→ **WORK TASK**
Your answer must be an exact copy of the lines below, from the first through the one with "Make the answer very short. 40.81.", with no pictures.
##### THE DATA #####
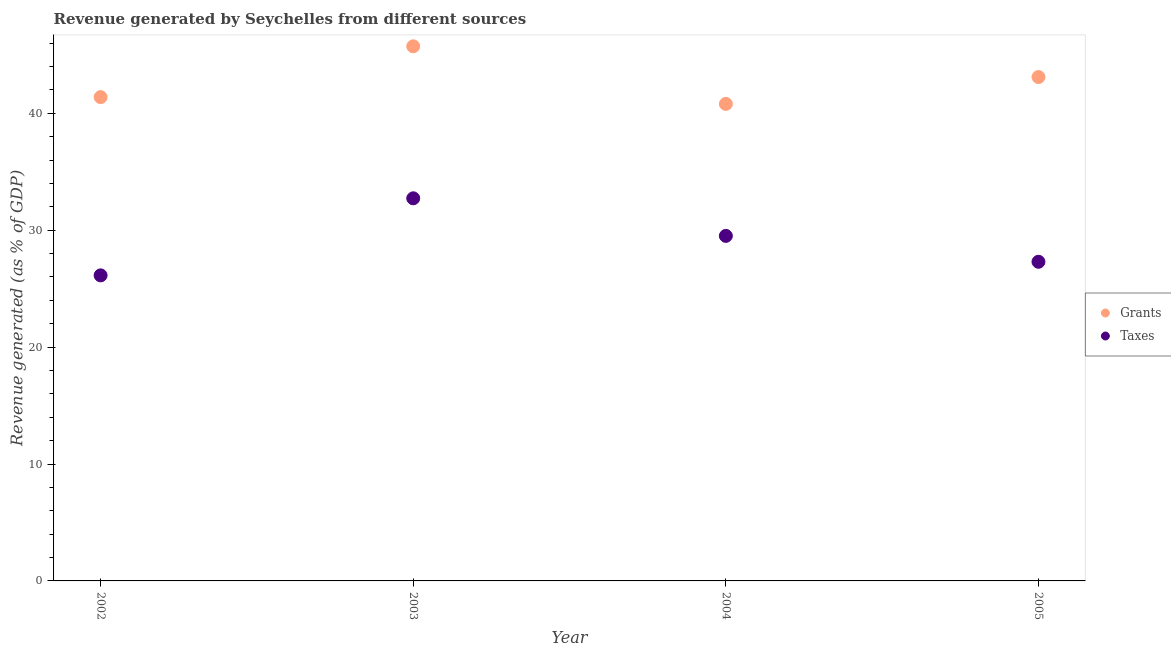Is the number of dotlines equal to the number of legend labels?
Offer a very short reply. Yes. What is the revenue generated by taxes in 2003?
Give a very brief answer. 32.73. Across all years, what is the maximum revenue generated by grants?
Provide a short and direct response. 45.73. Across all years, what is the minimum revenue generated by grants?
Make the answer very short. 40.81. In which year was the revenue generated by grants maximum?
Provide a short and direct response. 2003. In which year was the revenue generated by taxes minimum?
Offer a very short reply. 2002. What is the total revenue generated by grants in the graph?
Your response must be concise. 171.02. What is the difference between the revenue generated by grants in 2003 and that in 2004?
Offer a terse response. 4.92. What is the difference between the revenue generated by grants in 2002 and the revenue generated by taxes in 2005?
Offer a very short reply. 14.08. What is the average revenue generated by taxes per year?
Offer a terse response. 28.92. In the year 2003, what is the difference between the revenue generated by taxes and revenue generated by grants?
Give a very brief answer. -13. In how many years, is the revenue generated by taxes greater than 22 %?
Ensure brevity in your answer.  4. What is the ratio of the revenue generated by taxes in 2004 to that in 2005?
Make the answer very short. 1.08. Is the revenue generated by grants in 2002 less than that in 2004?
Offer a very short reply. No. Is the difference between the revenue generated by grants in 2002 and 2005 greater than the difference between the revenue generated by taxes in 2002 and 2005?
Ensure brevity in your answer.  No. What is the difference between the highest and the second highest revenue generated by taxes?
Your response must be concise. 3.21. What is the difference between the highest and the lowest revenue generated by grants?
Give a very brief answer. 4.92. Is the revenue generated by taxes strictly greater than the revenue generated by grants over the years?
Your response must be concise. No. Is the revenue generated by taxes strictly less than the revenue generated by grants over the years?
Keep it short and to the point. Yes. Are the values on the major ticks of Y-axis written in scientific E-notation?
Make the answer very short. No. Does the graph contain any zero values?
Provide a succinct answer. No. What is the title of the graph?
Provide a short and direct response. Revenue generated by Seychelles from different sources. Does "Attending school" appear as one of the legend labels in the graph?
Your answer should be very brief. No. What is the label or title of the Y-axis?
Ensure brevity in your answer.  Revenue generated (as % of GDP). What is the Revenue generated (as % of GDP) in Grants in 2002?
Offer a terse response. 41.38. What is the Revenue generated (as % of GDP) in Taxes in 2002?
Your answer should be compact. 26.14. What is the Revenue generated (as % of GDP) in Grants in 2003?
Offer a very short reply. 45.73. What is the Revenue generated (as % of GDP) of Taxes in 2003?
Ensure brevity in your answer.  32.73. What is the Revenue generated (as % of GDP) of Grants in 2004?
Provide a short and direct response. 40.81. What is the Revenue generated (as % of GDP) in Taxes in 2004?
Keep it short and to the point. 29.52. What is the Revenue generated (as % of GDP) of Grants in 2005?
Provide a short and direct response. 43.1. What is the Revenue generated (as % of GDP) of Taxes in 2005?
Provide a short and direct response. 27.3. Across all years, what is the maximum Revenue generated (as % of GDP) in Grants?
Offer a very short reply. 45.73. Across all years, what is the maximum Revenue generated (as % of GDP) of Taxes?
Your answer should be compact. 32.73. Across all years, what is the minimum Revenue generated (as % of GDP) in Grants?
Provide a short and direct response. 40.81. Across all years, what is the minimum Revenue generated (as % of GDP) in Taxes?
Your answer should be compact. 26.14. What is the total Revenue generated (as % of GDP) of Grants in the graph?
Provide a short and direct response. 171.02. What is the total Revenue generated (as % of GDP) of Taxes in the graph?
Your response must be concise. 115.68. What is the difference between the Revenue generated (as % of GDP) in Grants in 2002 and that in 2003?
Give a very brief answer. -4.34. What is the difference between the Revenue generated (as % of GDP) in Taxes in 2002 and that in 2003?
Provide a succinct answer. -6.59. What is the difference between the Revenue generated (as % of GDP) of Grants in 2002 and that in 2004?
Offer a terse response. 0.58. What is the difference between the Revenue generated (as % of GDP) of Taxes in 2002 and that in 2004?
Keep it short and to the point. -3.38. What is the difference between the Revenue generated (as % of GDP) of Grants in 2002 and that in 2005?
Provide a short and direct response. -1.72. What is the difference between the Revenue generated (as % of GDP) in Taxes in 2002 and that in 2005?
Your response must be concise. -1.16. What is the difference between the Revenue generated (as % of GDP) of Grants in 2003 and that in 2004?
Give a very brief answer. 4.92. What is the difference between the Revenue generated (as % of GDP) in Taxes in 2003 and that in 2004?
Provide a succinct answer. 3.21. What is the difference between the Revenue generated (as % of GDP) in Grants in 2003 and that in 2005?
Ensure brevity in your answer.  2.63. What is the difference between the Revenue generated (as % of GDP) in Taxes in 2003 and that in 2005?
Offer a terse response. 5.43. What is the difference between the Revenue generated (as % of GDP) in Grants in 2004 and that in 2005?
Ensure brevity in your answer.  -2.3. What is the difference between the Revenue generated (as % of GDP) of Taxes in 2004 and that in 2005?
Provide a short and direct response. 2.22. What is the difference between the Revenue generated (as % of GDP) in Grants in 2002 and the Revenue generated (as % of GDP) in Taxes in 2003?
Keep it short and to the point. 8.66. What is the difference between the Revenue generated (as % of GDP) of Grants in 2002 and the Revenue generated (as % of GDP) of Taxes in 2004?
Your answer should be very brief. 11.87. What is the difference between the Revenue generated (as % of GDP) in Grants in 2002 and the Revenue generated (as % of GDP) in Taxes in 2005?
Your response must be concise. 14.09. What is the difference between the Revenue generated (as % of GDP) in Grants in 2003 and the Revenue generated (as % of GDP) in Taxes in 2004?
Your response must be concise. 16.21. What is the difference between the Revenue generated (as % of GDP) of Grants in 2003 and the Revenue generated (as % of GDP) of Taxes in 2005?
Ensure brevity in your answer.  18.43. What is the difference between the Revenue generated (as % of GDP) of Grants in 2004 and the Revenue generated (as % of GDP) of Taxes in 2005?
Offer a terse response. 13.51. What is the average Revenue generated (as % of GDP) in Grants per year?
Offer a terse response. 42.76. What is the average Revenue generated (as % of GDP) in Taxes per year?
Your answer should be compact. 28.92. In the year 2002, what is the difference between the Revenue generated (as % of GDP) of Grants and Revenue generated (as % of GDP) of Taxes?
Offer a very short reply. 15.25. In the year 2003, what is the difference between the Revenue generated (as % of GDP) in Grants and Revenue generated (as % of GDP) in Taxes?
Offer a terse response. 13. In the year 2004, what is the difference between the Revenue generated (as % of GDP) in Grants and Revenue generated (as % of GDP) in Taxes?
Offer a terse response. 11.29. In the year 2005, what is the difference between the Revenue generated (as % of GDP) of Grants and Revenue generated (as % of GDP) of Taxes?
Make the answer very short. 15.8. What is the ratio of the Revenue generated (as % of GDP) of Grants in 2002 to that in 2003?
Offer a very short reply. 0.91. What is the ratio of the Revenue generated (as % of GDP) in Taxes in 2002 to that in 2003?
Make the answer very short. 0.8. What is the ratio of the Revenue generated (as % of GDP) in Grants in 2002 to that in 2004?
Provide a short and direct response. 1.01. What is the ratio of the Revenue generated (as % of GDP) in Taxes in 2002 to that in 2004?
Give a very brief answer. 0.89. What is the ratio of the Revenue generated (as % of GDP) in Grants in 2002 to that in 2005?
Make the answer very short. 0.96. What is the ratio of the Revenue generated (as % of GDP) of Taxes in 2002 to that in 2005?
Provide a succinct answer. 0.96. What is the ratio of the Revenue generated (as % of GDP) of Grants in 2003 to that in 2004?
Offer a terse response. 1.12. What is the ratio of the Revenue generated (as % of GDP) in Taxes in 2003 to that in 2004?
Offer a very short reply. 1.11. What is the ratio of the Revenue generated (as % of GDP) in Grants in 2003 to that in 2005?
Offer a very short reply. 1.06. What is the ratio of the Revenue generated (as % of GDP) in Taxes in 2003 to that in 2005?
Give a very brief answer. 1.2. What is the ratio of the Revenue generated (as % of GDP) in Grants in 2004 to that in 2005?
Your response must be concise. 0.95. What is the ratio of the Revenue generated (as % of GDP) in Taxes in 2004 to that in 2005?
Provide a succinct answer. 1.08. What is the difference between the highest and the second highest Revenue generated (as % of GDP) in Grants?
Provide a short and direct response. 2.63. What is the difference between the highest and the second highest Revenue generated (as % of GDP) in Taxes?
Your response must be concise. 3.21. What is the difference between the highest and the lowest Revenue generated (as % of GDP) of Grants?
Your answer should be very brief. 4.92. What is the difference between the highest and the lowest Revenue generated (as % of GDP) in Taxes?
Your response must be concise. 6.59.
#####
→ **PROBLEM SOLUTION**
Is the number of dotlines equal to the number of legend labels?
Offer a very short reply. Yes. What is the revenue generated by taxes in 2003?
Give a very brief answer. 32.73. Across all years, what is the maximum revenue generated by grants?
Provide a short and direct response. 45.73. Across all years, what is the minimum revenue generated by grants?
Make the answer very short. 40.81. In which year was the revenue generated by grants maximum?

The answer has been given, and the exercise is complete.